- Genre: Psychological thriller; Drama; Mystery;
- Created by: Nora Chassler; David Murdoch;
- Developed by: Jess Sayer; Alan Campbell;
- Written by: Nora Chassler; Kate McDermott; Jess Sayer; Douglas Mackinnon; David Murdoch; Alan Campbell;
- Directed by: Douglas Mackinnon; Robyn Grace;
- Starring: Lauren Lyle; Jay Ryan;
- Composers: Dream Chambers; Arli Liberman;
- Countries of origin: United Kingdom; New Zealand;
- Original language: English
- No. of series: 1
- No. of episodes: 6

Production
- Executive producers: Philip Smith; Cate Calver; Kathleen Anderson; David Murdoch; Douglas Mackinnon; Marc Lorber; Erik Pack; Kieran Hannigan; Thomas Robins; Gavin Smith;
- Producers: Angela Murray; Steven Zanoski;
- Cinematography: Peter McCaffrey
- Editors: Simon Starling; Nick Carew;
- Production companies: Boat Rocker Studios; Great Southern Television; Sinner Films;

Original release
- Network: BBC Scotland; BBC Two; (United Kingdom); Sky Open; (New Zealand);
- Release: 21 October 2025 – present

= The Ridge (TV series) =

British television series

The Ridge is a 2025 television series created by Nora Chassler and David Murdoch that is set in Scotland and New Zealand, and stars Lauren Lyle and Jay Ryan. It was first broadcast on BBC Scotland in Scotland and on Sky Open in New Zealand on 21 October 2025, followed by BBC Two in the United Kingdom on 23 October 2025.

==Premise==
A Glaswegian woman with a troubled past visits New Zealand for a wedding but encounters a tragic mystery.

==Production==
The series was announced when BBC Scotland and New Zealand broadcasting company Sky New Zealand commissioned a six-part psychological thriller series entitled The Ridge with Scottish television production outfit Sinner Films and New Zealand production company Great Southern Television would serve as co-producers of the six-part thriller television series whilst Paris-based French global sales distribution company Oble had brought international distribution rights to the upcoming series.

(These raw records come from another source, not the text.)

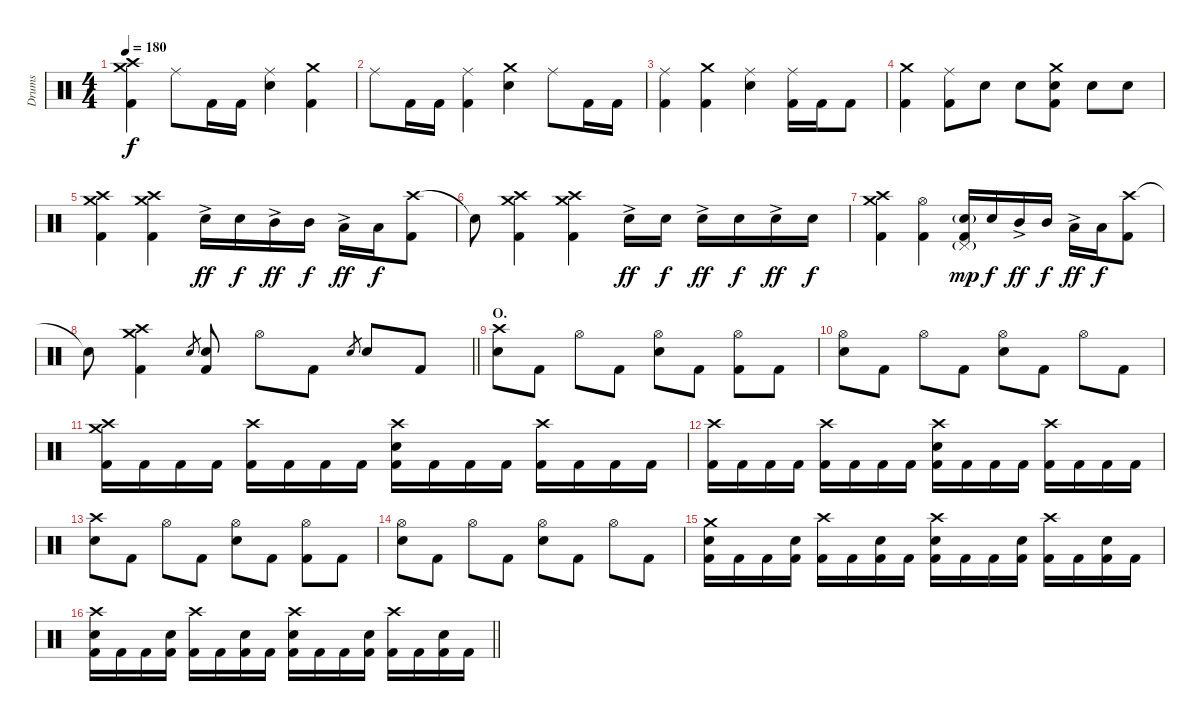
\track ("Drums" "Drums") {instrument percussion}
\staff {score}
\articulation defaults
\ts (4 4)
\tempo 180
\clef neutral
\ks c
("Crash medium (hit)" "Crash high (hit)" "Kick (hit) 2").4{dy f} "Ride (middle)".8 "Kick (hit) 2".16 "Kick (hit) 2".16 ("Ride (middle)" "Electric Snare (hit)").4 ("Crash medium (hit)" "Kick (hit) 2").4 |
"Ride (middle)".8 "Kick (hit) 2".16 "Kick (hit) 2".16 ("Ride (middle)" "Kick (hit) 2").4 ("Crash medium (hit)" "Electric Snare (hit)").4 "Ride (middle)".8 "Kick (hit) 2".16 "Kick (hit) 2".16 |
("Ride (middle)" "Kick (hit) 2").4 ("Crash medium (hit)" "Kick (hit) 2").4 ("Ride (middle)" "Electric Snare (hit)").4 ("Ride (middle)" "Kick (hit) 2").16 "Kick (hit) 2".16 "Kick (hit) 2".8 |
("Crash medium (hit)" "Kick (hit) 2").4 ("Ride (middle)" "Kick (hit) 2").8 "Electric Snare (hit)".8 "Electric Snare (hit)".8 ("Crash medium (hit)" "Electric Snare (hit)" "Kick (hit) 2").8 "Electric Snare (hit)".8 "Electric Snare (hit)".8 |
("Crash medium (hit)" "Crash high (hit)" "Kick (hit) 2").4 ("Crash medium (hit)" "Crash high (hit)" "Kick (hit) 2").4 "Electric Snare (hit)"{ac}.16{dy ff} "Electric Snare (hit)".16{dy f} "Mid Tom (hit)"{ac}.16{dy ff} "Mid Tom (hit)".16{dy f} "Low Tom (hit)"{ac}.16{dy ff} "Low Tom (hit)".16{dy f} ("Crash high (hit)" "Kick (hit) 2").8 |
"Snare (hit)"{t}.8 ("Crash medium (hit)" "Crash high (hit)" "Kick (hit) 2").4 ("Crash medium (hit)" "Crash high (hit)" "Kick (hit) 2").4 "Electric Snare (hit)"{ac}.16{dy ff} "Electric Snare (hit)".16{dy f} "Electric Snare (hit)"{ac}.16{dy ff} "Electric Snare (hit)".16{dy f} "Electric Snare (hit)"{ac}.16{dy ff} "Electric Snare (hit)".16{dy f} |
("Crash medium (hit)" "Crash high (hit)" "Kick (hit) 2").4 ("Hi-Hat (open)" "Kick (hit) 2").4 ("Pedal Hi-Hat (hit)"{g} "Electric Snare (hit)"{g} "Kick (hit) 2").16{dy mp} "Electric Snare (hit)".16{dy f} "Mid Tom (hit)"{ac}.16{dy ff} "Mid Tom (hit)".16{dy f} "Low Tom (hit)"{ac}.16{dy ff} "Low Tom (hit)".16{dy f} ("Crash high (hit)" "Kick (hit) 2").8 |
\barLineRight lightlight "Snare (hit)"{t}.8
("Crash medium (hit)" "Crash high (hit)" "Kick (hit) 2").4 "Electric Snare (hit)".8{gr} ("Electric Snare (hit)" "Kick (hit) 2").8 "Hi-Hat (open)".8 "Kick (hit) 2".8 "Electric Snare (hit)".8{gr} "Electric Snare (hit)".8 "Kick (hit) 2".8 |
\section ("" "O.")
("Crash high (hit)" "Electric Snare (hit)").8 "Kick (hit) 2".8 "Hi-Hat (open)".8 "Kick (hit) 2".8 ("Hi-Hat (open)" "Electric Snare (hit)").8 "Kick (hit) 2".8 ("Hi-Hat (open)" "Kick (hit) 2").8 "Kick (hit) 2".8 |
("Hi-Hat (open)" "Electric Snare (hit)").8 "Kick (hit) 2".8 "Hi-Hat (open)".8 "Kick (hit) 2".8 ("Hi-Hat (open)" "Electric Snare (hit)").8 "Kick (hit) 2".8 "Hi-Hat (open)".8 "Kick (hit) 2".8 |
("Crash medium (hit)" "Crash high (hit)" "Kick (hit) 2").16 "Kick (hit) 2".16 "Kick (hit) 2".16 "Kick (hit) 2".16 ("Crash high (hit)" "Kick (hit) 2").16 "Kick (hit) 2".16 "Kick (hit) 2".16 "Kick (hit) 2".16 ("Crash high (hit)" "Electric Snare (hit)" "Kick (hit) 2").16 "Kick (hit) 2".16 "Kick (hit) 2".16 "Kick (hit) 2".16 ("Crash high (hit)" "Kick (hit) 2").16 "Kick (hit) 2".16 "Kick (hit) 2".16 "Kick (hit) 2".16 |
("Crash high (hit)" "Kick (hit) 2").16 "Kick (hit) 2".16 "Kick (hit) 2".16 "Kick (hit) 2".16 ("Crash high (hit)" "Kick (hit) 2").16 "Kick (hit) 2".16 "Kick (hit) 2".16 "Kick (hit) 2".16 ("Crash high (hit)" "Electric Snare (hit)" "Kick (hit) 2").16 "Kick (hit) 2".16 "Kick (hit) 2".16 "Kick (hit) 2".16 ("Crash high (hit)" "Kick (hit) 2").16 "Kick (hit) 2".16 "Kick (hit) 2".16 "Kick (hit) 2".16 |
("Crash high (hit)" "Electric Snare (hit)").8 "Kick (hit) 2".8 "Hi-Hat (open)".8 "Kick (hit) 2".8 ("Hi-Hat (open)" "Electric Snare (hit)").8 "Kick (hit) 2".8 ("Hi-Hat (open)" "Kick (hit) 2").8 "Kick (hit) 2".8 |
("Hi-Hat (open)" "Electric Snare (hit)").8 "Kick (hit) 2".8 "Hi-Hat (open)".8 "Kick (hit) 2".8 ("Hi-Hat (open)" "Electric Snare (hit)").8 "Kick (hit) 2".8 "Hi-Hat (open)".8 "Kick (hit) 2".8 |
("Crash medium (hit)" "Electric Snare (hit)" "Kick (hit) 2").16 "Kick (hit) 2".16 "Kick (hit) 2".16 ("Electric Snare (hit)" "Kick (hit) 2").16 ("Crash high (hit)" "Kick (hit) 2").16 "Kick (hit) 2".16 ("Electric Snare (hit)" "Kick (hit) 2").16 "Kick (hit) 2".16 ("Crash high (hit)" "Electric Snare (hit)" "Kick (hit) 2").16 "Kick (hit) 2".16 "Kick (hit) 2".16 ("Electric Snare (hit)" "Kick (hit) 2").16 ("Crash high (hit)" "Kick (hit) 2").16 "Kick (hit) 2".16 ("Electric Snare (hit)" "Kick (hit) 2").16 "Kick (hit) 2".16 |
\barLineRight lightlight
("Crash high (hit)" "Electric Snare (hit)" "Kick (hit) 2").16 "Kick (hit) 2".16 "Kick (hit) 2".16 ("Electric Snare (hit)" "Kick (hit) 2").16 ("Crash high (hit)" "Kick (hit) 2").16 "Kick (hit) 2".16 ("Electric Snare (hit)" "Kick (hit) 2").16 "Kick (hit) 2".16 ("Crash high (hit)" "Electric Snare (hit)" "Kick (hit) 2").16 "Kick (hit) 2".16 "Kick (hit) 2".16 ("Electric Snare (hit)" "Kick (hit) 2").16 ("Crash high (hit)" "Kick (hit) 2").16 "Kick (hit) 2".16 ("Electric Snare (hit)" "Kick (hit) 2").16 "Kick (hit) 2".16
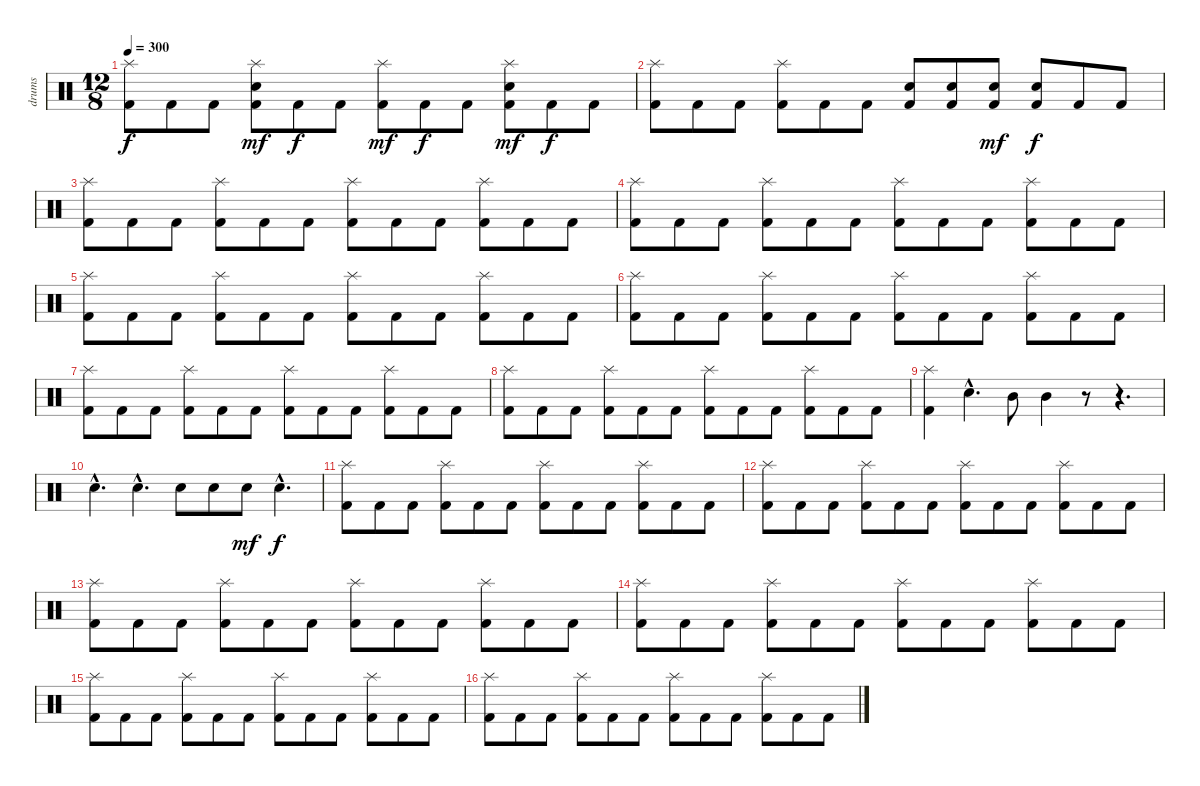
\track ("drums" "drums") {instrument percussion}
\staff {score}
\articulation defaults
\ts (12 8)
\tempo 300
\clef neutral
\ks c
("Splash (hit)" "Kick (hit) 2").8{dy f} "Kick (hit) 2".8 "Kick (hit) 2".8 ("Splash (hit)" "Snare (hit) 2" "Kick (hit) 2").8{dy mf} "Kick (hit) 2".8{dy f} "Kick (hit) 2".8 ("Splash (hit)" "Kick (hit) 2").8{dy mf} "Kick (hit) 2".8{dy f} "Kick (hit) 2".8 ("Splash (hit)" "Snare (hit) 2" "Kick (hit) 2").8{dy mf} "Kick (hit) 2".8{dy f} "Kick (hit) 2".8 |
("Splash (hit)" "Kick (hit) 2").8 "Kick (hit) 2".8 "Kick (hit) 2".8 ("Splash (hit)" "Kick (hit) 2").8 "Kick (hit) 2".8 "Kick (hit) 2".8 ("Snare (hit) 2" "Kick (hit) 2").8 ("Snare (hit) 2" "Kick (hit) 2").8 ("Snare (hit) 2" "Kick (hit) 2").8{dy mf} ("Snare (hit) 2" "Kick (hit) 2").8{dy f} "Kick (hit) 2".8 "Kick (hit) 2".8 |
("Splash (hit)" "Kick (hit) 2").8 "Kick (hit) 2".8 "Kick (hit) 2".8 ("Splash (hit)" "Kick (hit) 2").8 "Kick (hit) 2".8 "Kick (hit) 2".8 ("Splash (hit)" "Kick (hit) 2").8 "Kick (hit) 2".8 "Kick (hit) 2".8 ("Splash (hit)" "Kick (hit) 2").8 "Kick (hit) 2".8 "Kick (hit) 2".8 |
("Splash (hit)" "Kick (hit) 2").8 "Kick (hit) 2".8 "Kick (hit) 2".8 ("Splash (hit)" "Kick (hit) 2").8 "Kick (hit) 2".8 "Kick (hit) 2".8 ("Splash (hit)" "Kick (hit) 2").8 "Kick (hit) 2".8 "Kick (hit) 2".8 ("Splash (hit)" "Kick (hit) 2").8 "Kick (hit) 2".8 "Kick (hit) 2".8 |
("Splash (hit)" "Kick (hit) 2").8 "Kick (hit) 2".8 "Kick (hit) 2".8 ("Splash (hit)" "Kick (hit) 2").8 "Kick (hit) 2".8 "Kick (hit) 2".8 ("Splash (hit)" "Kick (hit) 2").8 "Kick (hit) 2".8 "Kick (hit) 2".8 ("Splash (hit)" "Kick (hit) 2").8 "Kick (hit) 2".8 "Kick (hit) 2".8 |
("Splash (hit)" "Kick (hit) 2").8 "Kick (hit) 2".8 "Kick (hit) 2".8 ("Splash (hit)" "Kick (hit) 2").8 "Kick (hit) 2".8 "Kick (hit) 2".8 ("Splash (hit)" "Kick (hit) 2").8 "Kick (hit) 2".8 "Kick (hit) 2".8 ("Splash (hit)" "Kick (hit) 2").8 "Kick (hit) 2".8 "Kick (hit) 2".8 |
("Splash (hit)" "Kick (hit) 2").8 "Kick (hit) 2".8 "Kick (hit) 2".8 ("Splash (hit)" "Kick (hit) 2").8 "Kick (hit) 2".8 "Kick (hit) 2".8 ("Splash (hit)" "Kick (hit) 2").8 "Kick (hit) 2".8 "Kick (hit) 2".8 ("Splash (hit)" "Kick (hit) 2").8 "Kick (hit) 2".8 "Kick (hit) 2".8 |
("Splash (hit)" "Kick (hit) 2").8 "Kick (hit) 2".8 "Kick (hit) 2".8 ("Splash (hit)" "Kick (hit) 2").8 "Kick (hit) 2".8 "Kick (hit) 2".8 ("Splash (hit)" "Kick (hit) 2").8 "Kick (hit) 2".8 "Kick (hit) 2".8 ("Splash (hit)" "Kick (hit) 2").8 "Kick (hit) 2".8 "Kick (hit) 2".8 |
("Splash (hit)" "Kick (hit) 2").4 "Snare (hit) 2"{hac}.4{d} "Mid Tom (hit)".8 "Mid Tom (hit)".4 r.8 r.4{d} |
"Snare (hit) 2"{hac}.4{d} "Snare (hit) 2"{hac}.4{d} "Snare (hit) 2".8 "Snare (hit) 2".8 "Snare (hit) 2".8{dy mf} "Snare (hit) 2"{hac}.4{d dy f} |
("Splash (hit)" "Kick (hit) 2").8 "Kick (hit) 2".8 "Kick (hit) 2".8 ("Splash (hit)" "Kick (hit) 2").8 "Kick (hit) 2".8 "Kick (hit) 2".8 ("Splash (hit)" "Kick (hit) 2").8 "Kick (hit) 2".8 "Kick (hit) 2".8 ("Splash (hit)" "Kick (hit) 2").8 "Kick (hit) 2".8 "Kick (hit) 2".8 |
("Splash (hit)" "Kick (hit) 2").8 "Kick (hit) 2".8 "Kick (hit) 2".8 ("Splash (hit)" "Kick (hit) 2").8 "Kick (hit) 2".8 "Kick (hit) 2".8 ("Splash (hit)" "Kick (hit) 2").8 "Kick (hit) 2".8 "Kick (hit) 2".8 ("Splash (hit)" "Kick (hit) 2").8 "Kick (hit) 2".8 "Kick (hit) 2".8 |
("Splash (hit)" "Kick (hit) 2").8 "Kick (hit) 2".8 "Kick (hit) 2".8 ("Splash (hit)" "Kick (hit) 2").8 "Kick (hit) 2".8 "Kick (hit) 2".8 ("Splash (hit)" "Kick (hit) 2").8 "Kick (hit) 2".8 "Kick (hit) 2".8 ("Splash (hit)" "Kick (hit) 2").8 "Kick (hit) 2".8 "Kick (hit) 2".8 |
("Splash (hit)" "Kick (hit) 2").8 "Kick (hit) 2".8 "Kick (hit) 2".8 ("Splash (hit)" "Kick (hit) 2").8 "Kick (hit) 2".8 "Kick (hit) 2".8 ("Splash (hit)" "Kick (hit) 2").8 "Kick (hit) 2".8 "Kick (hit) 2".8 ("Splash (hit)" "Kick (hit) 2").8 "Kick (hit) 2".8 "Kick (hit) 2".8 |
("Splash (hit)" "Kick (hit) 2").8 "Kick (hit) 2".8 "Kick (hit) 2".8 ("Splash (hit)" "Kick (hit) 2").8 "Kick (hit) 2".8 "Kick (hit) 2".8 ("Splash (hit)" "Kick (hit) 2").8 "Kick (hit) 2".8 "Kick (hit) 2".8 ("Splash (hit)" "Kick (hit) 2").8 "Kick (hit) 2".8 "Kick (hit) 2".8 |
("Splash (hit)" "Kick (hit) 2").8 "Kick (hit) 2".8 "Kick (hit) 2".8 ("Splash (hit)" "Kick (hit) 2").8 "Kick (hit) 2".8 "Kick (hit) 2".8 ("Splash (hit)" "Kick (hit) 2").8 "Kick (hit) 2".8 "Kick (hit) 2".8 ("Splash (hit)" "Kick (hit) 2").8 "Kick (hit) 2".8 "Kick (hit) 2".8

By December 2024, Canadian production studio Boat Rocker Studios had joined the upcoming New Zealand/Scottish six-part thriller series The Ridge as a co-producer and would replace French distribution company Oble as the former had taken over international distribution rights to the series.

The six-part series is written by Douglas Mackinnon, David Murdoch, Alan Campbell, Kate McDermott, Jess Sayer and Nora Chassler with Douglas Mackinnon as lead director and Robyn Grace as 2nd director on the series. The series is a co-production between BBC Scotland and Sky New Zealand with co-production from Great Southern Studios and Sinner Films alongside Canadian production outfit Boat Rocker Studios who would manage global distribution to the series. Douglas Mackinnon, Ivan Schneeberg, David Fortier, Jon Rutherford and Erik Pack are among the executive producers.

The cast is led by Lauren Lyle and Jay Ryan as well as Dulcie Smart, Florence Hartigan, Chloe Parker, David Van Horn, Taqi Nazeer, Claire Dargo and Cora Bissett.

Filming commenced in February 2025. Filming locations include Falkirk, Scotland and New Zealand. Seamer House at 162 Sunnyside Road, Coatesville, served as the New Zealand Manor the characters reside at. The house had previously been the set for the 2009 20th Century Fox movie Aliens in the Attic, with The Ridge taking advantage of much of the restoration work completed for Aliens in the Attic, such as various pieces of furniture.

==Broadcast==
The series premiered on BBC Scotland on 21 October 2025 and BBC Two from 23 October.

==Critical reception==
Ben Dowell of The Times wrote: "Often the writing across the six episodes is sublime. You really believe in this tiny place, even if there are more deceptions and sexual secrets here than in a medium-sized metropolis. This sure-footed, compelling show could well have you on the ridge of your seat."

Lucy Mangan of The Guardian wrote: "The inherent strangeness and wild beauty of the New Zealand setting add a dash of menace to every scene, a sense that anything might be possible if you take your eye off someone or something for a moment too long. The festering resentments of a small town, the secrets everyone knows and those just a few guard closely feel real and unnaturally potent. It is also bitterly funny, often in ways that make it achingly real and add to the melancholy at its heart."